(Data entries)
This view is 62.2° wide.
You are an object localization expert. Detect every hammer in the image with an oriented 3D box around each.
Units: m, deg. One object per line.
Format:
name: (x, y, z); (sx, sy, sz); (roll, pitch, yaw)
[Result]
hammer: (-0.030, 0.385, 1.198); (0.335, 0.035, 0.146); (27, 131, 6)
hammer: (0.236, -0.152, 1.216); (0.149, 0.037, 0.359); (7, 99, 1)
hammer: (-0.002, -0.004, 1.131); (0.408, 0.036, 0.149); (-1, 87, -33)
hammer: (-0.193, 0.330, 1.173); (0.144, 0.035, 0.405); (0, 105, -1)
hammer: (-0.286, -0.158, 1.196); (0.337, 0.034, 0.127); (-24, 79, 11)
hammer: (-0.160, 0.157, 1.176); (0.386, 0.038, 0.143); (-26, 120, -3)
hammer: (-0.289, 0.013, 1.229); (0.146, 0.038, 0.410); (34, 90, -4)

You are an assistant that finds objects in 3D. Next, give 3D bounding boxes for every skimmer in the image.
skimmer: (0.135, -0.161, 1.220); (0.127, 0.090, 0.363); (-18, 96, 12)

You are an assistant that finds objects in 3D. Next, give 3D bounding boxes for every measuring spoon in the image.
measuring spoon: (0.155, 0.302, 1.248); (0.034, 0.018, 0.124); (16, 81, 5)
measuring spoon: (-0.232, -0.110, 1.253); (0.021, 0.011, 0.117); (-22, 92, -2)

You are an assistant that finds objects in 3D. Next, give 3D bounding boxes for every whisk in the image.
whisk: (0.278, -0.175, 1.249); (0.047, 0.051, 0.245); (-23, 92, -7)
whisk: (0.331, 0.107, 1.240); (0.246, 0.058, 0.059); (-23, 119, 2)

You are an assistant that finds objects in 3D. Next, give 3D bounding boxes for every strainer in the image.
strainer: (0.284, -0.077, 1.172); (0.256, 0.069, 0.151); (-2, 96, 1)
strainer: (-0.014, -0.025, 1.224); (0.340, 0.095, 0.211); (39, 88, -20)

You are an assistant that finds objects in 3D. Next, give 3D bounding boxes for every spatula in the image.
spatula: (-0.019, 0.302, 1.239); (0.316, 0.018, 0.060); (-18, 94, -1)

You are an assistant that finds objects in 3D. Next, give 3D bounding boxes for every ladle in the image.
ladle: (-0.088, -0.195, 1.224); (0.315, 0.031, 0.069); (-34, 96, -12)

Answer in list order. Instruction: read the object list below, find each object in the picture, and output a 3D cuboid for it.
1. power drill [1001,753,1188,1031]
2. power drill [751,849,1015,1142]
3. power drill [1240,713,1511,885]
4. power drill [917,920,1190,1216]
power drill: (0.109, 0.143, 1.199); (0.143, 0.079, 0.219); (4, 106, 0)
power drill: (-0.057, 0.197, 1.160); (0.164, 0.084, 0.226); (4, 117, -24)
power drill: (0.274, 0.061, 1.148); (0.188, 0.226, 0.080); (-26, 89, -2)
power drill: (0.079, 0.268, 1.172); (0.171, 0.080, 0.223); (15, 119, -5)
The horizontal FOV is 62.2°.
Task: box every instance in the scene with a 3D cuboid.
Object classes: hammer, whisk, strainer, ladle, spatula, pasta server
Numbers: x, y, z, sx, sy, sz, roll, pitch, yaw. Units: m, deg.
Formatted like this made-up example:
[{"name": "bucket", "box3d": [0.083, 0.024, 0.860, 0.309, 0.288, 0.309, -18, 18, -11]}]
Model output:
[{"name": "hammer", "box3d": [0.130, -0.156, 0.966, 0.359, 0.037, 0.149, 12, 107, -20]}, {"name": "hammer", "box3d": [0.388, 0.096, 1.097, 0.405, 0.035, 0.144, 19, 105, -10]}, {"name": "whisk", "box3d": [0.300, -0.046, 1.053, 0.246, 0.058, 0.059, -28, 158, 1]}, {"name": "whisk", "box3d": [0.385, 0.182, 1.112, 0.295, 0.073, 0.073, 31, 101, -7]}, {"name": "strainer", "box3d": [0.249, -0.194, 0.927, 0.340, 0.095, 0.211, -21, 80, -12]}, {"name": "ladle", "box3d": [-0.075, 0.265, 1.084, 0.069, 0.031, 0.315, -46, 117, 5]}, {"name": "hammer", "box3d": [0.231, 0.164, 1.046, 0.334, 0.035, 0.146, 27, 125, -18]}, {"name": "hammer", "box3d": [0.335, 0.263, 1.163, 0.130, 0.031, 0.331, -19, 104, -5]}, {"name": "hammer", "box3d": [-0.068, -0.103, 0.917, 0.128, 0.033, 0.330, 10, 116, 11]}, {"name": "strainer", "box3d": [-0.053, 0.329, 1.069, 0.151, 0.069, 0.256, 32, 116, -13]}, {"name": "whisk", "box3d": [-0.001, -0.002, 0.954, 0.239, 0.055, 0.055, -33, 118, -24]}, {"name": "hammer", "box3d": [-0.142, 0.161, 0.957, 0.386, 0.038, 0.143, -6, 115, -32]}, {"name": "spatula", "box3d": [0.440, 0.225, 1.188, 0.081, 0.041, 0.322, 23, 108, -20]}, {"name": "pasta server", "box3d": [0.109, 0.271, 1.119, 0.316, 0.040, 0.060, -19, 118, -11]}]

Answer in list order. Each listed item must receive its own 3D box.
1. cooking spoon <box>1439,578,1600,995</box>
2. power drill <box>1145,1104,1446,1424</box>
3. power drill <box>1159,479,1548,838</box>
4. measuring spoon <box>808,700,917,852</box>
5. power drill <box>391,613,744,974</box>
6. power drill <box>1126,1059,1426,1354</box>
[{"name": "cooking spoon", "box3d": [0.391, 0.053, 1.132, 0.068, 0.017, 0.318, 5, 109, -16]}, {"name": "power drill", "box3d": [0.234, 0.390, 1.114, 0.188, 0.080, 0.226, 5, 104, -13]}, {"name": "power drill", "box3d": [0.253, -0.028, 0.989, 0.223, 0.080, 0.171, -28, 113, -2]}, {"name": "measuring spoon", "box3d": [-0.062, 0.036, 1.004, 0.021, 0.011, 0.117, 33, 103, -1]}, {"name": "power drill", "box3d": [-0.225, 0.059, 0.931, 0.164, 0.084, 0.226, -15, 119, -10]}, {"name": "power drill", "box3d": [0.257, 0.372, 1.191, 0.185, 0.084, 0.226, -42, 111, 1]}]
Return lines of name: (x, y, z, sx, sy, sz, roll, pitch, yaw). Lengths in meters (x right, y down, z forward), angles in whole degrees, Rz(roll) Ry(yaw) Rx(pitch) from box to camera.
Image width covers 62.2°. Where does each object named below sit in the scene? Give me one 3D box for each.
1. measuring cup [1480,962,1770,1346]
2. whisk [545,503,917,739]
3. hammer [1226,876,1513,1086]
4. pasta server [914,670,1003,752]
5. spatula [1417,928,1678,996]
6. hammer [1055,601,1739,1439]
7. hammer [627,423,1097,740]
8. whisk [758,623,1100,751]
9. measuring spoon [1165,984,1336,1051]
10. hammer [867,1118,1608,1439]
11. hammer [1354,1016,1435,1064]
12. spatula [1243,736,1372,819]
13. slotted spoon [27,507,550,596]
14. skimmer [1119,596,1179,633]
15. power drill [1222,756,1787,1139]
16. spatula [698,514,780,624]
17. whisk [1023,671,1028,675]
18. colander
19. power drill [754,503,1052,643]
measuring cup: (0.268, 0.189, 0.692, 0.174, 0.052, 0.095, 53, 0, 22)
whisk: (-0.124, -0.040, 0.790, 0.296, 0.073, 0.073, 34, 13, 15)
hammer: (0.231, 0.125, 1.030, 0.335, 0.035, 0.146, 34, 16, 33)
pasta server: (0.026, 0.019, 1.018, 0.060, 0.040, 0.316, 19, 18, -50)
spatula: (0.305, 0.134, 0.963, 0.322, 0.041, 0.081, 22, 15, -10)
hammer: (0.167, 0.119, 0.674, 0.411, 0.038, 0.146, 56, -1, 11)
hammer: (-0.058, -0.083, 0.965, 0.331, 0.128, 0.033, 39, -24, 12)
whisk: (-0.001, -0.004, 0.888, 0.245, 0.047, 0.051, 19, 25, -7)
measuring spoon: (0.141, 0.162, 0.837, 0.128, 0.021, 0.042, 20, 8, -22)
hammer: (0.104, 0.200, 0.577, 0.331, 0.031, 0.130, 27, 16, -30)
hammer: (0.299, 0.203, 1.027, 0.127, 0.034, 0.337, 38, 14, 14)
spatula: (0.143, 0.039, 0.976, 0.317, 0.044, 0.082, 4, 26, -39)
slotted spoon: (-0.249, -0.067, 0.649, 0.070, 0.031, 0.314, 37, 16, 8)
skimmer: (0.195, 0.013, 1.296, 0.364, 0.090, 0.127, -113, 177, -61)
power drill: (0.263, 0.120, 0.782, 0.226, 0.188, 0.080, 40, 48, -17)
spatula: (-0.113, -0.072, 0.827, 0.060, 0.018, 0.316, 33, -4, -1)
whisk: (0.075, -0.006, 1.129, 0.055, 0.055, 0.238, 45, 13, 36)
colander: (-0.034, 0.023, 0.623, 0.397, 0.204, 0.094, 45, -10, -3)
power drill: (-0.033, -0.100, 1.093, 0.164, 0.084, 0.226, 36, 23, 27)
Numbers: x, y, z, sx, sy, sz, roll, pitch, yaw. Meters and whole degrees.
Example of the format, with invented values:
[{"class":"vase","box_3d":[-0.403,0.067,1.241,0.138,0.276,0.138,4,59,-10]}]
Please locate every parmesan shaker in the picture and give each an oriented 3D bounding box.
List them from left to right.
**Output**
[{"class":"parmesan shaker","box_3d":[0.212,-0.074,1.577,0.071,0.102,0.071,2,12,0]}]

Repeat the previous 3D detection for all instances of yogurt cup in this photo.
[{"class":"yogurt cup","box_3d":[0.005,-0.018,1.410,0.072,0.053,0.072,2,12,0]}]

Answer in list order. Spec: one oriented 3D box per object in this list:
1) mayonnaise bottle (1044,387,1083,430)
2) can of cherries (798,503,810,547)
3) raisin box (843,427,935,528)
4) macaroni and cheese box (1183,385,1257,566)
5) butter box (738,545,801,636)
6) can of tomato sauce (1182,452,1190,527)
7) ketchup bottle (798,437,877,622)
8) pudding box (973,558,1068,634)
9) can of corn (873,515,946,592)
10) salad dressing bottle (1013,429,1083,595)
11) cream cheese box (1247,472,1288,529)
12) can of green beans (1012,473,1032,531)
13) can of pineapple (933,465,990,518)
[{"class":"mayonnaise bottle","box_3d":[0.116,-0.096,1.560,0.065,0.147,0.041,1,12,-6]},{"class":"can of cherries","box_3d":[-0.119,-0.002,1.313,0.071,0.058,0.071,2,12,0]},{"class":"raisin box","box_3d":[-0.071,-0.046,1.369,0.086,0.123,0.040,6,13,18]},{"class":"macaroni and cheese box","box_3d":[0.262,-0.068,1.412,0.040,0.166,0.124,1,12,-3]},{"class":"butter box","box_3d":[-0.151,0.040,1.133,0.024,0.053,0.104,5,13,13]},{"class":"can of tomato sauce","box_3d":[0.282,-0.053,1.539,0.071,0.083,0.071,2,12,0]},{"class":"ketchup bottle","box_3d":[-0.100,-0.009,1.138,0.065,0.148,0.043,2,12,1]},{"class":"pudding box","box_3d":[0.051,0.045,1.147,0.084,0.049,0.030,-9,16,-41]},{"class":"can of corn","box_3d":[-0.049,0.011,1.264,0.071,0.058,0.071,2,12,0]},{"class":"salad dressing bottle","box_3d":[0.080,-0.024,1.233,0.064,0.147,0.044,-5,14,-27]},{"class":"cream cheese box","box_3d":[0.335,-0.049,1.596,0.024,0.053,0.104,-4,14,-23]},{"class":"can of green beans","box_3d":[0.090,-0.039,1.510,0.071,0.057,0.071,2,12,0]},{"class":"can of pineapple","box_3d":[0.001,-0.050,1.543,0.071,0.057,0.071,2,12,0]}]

• **HOW TO COMPLETE THIS TASK**
The answer must be all the lines above that hold the word "right".

• **ANSWER SPACE**
Return lines of name: (x, y, z, sx, sy, sz, roll, pitch, yaw). Lengths in meters (x right, y down, z forward), angles in whole degrees, Rz(roll) Ry(yaw) Rx(pitch) from box to camera.
List them from left to right.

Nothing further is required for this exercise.